A little bit ago, everyone would've been saying this will never happen, that there was a natural wall simply because all it does is predict the next token, it's been like, a few years of llm's and they're already getting this insane. We're going to have AGI soon, it might not be a transformer, but billions upon billions of dollars are being thrown at this problem, there are people smart enough in the world to make this work, and this is the earliest sign that it's coming.
Where, in that position piece, do they mention o3? Who "proved" this?
Additionally, I'm pretty sure that this "ARC AGI" benchmark is not using the same definition of AGI that you linked to by DeepMind. Conflating them is misleading. There is already so much misinformation out there about "AI", don't add to it.
Lastly, I struggle to take at face value essays written by for-profit companies claiming they have AGI (that DeepMind paper links to OpenAI essays). They only stand to gain monetarily by claiming that their AI is an AGI (to be clear, this is an opinion; I do not have evidence to suggest that OpenAI is being disingenuous).
Unless we invent cold fusion between the next 5 years, they will never be economical. They are the most energy inefficient thing ever invented by humanity and all prediction models state that it will cost more energy, not less, to keep making them better. They will never be energy efficient nor economical in their current state, and most companies are out of ideas on how to shake it up. Even the people who created generative models agree that they have just been brute forcing by making the models larger with more energy consumption.

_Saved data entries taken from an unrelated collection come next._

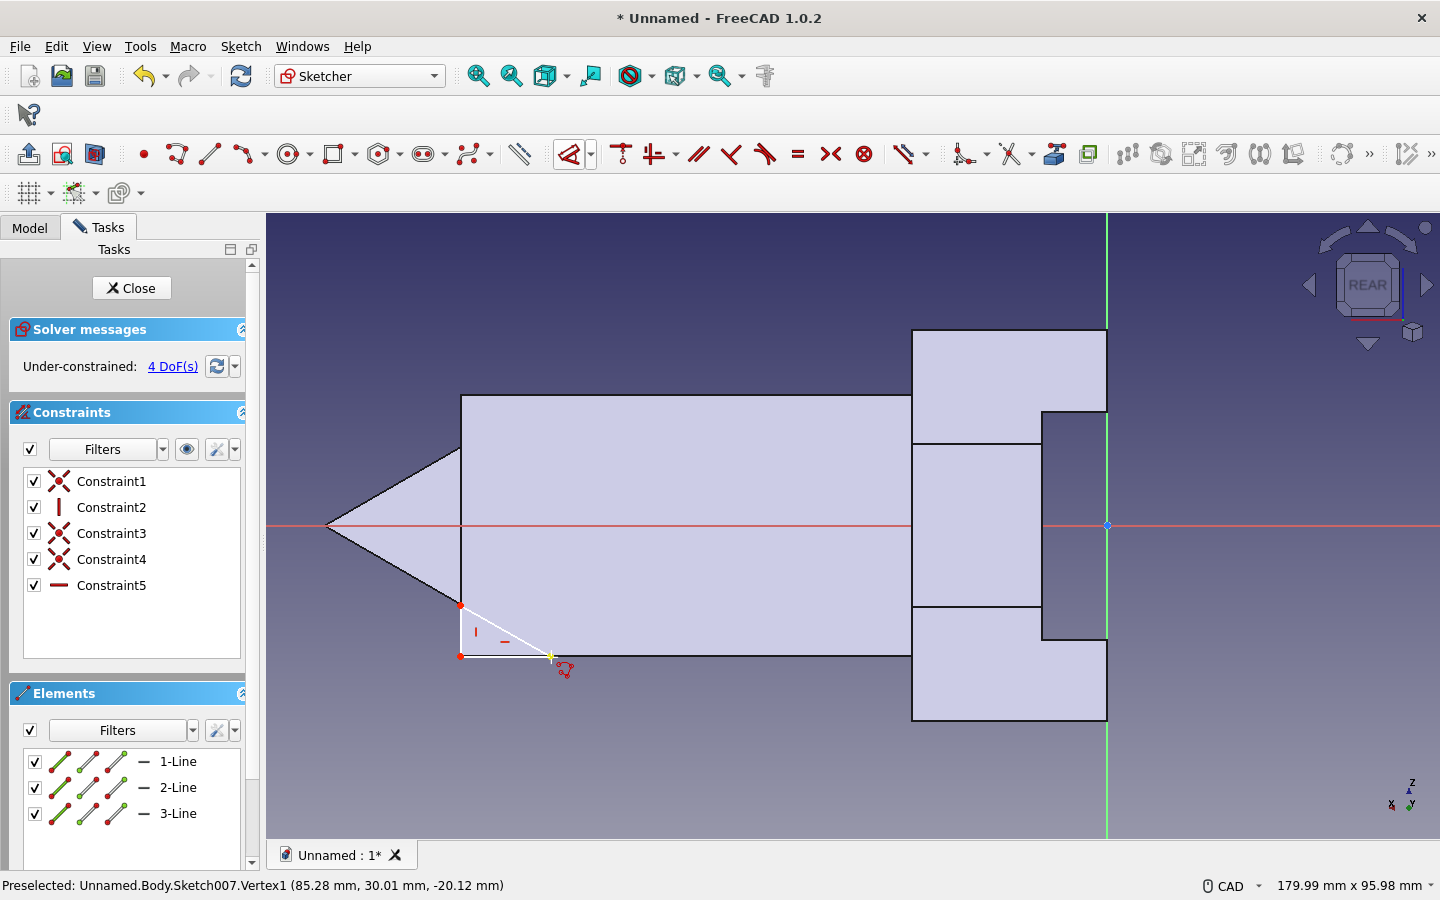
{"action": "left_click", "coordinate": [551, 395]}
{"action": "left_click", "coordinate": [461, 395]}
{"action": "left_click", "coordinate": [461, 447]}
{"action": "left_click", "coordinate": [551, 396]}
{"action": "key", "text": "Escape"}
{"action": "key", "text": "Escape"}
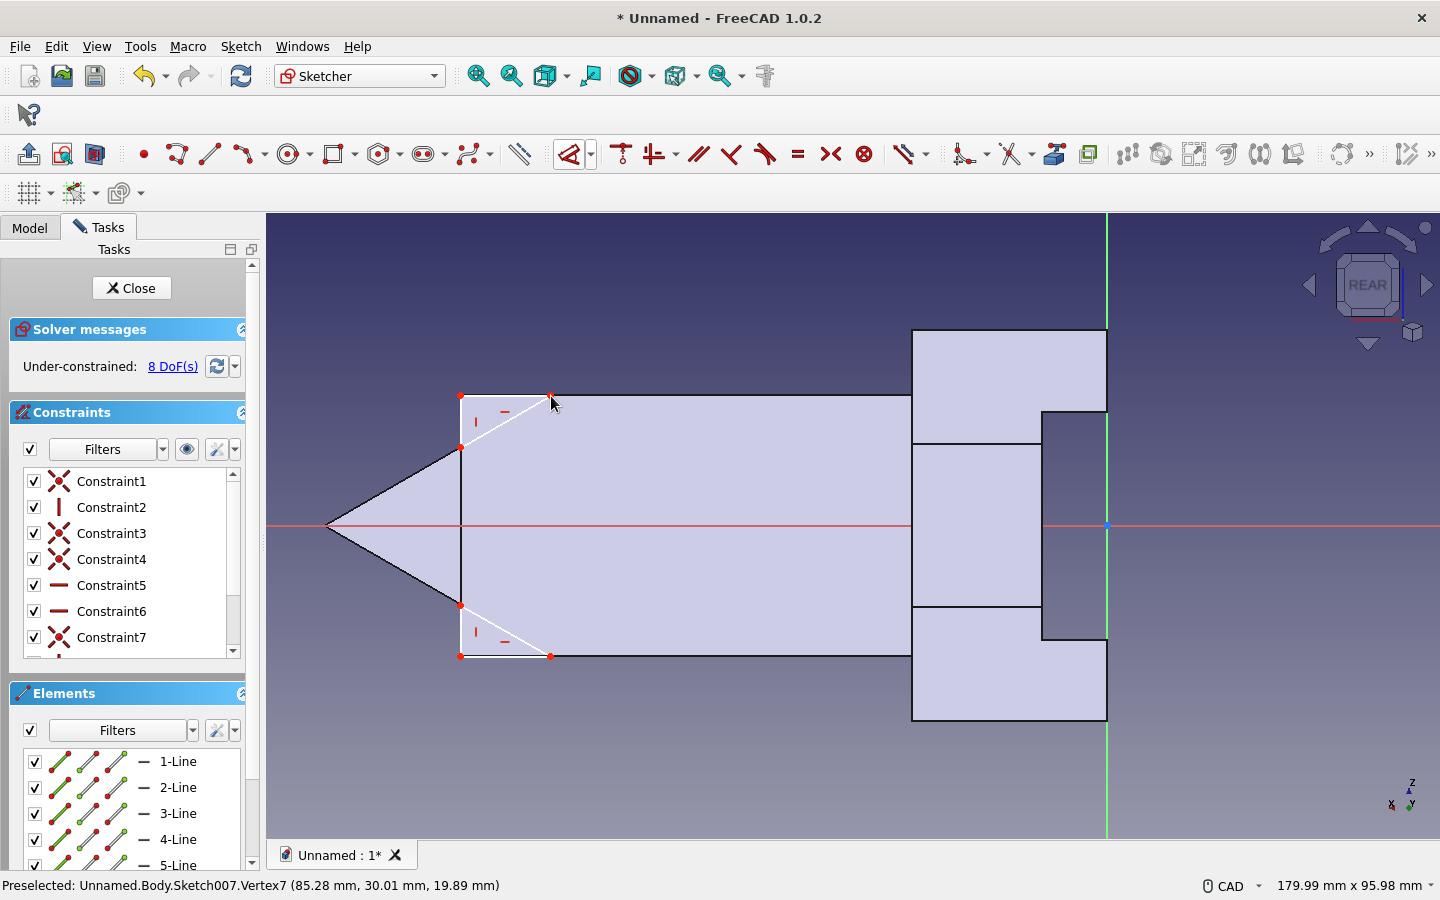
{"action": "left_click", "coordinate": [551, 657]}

When you try to make them smaller or more energy efficient, they fall off the performance cliff and only produce garbage. I'm sure there are researchers doing cool stuff, but it is neither economical nor efficient.
Untrue. There are small models that produce better output than the previous "flagships" like GPT-2. Also, you can achieve much more than we currently do with far less energy by working on novel, specialised hardware (neuromorphic computing).
Why is it getting an AGI stamp now? I was under the impression humanity has not delivered a sentient AI? Which is what the AGI title was supposed to be used for...has that been pulled back again?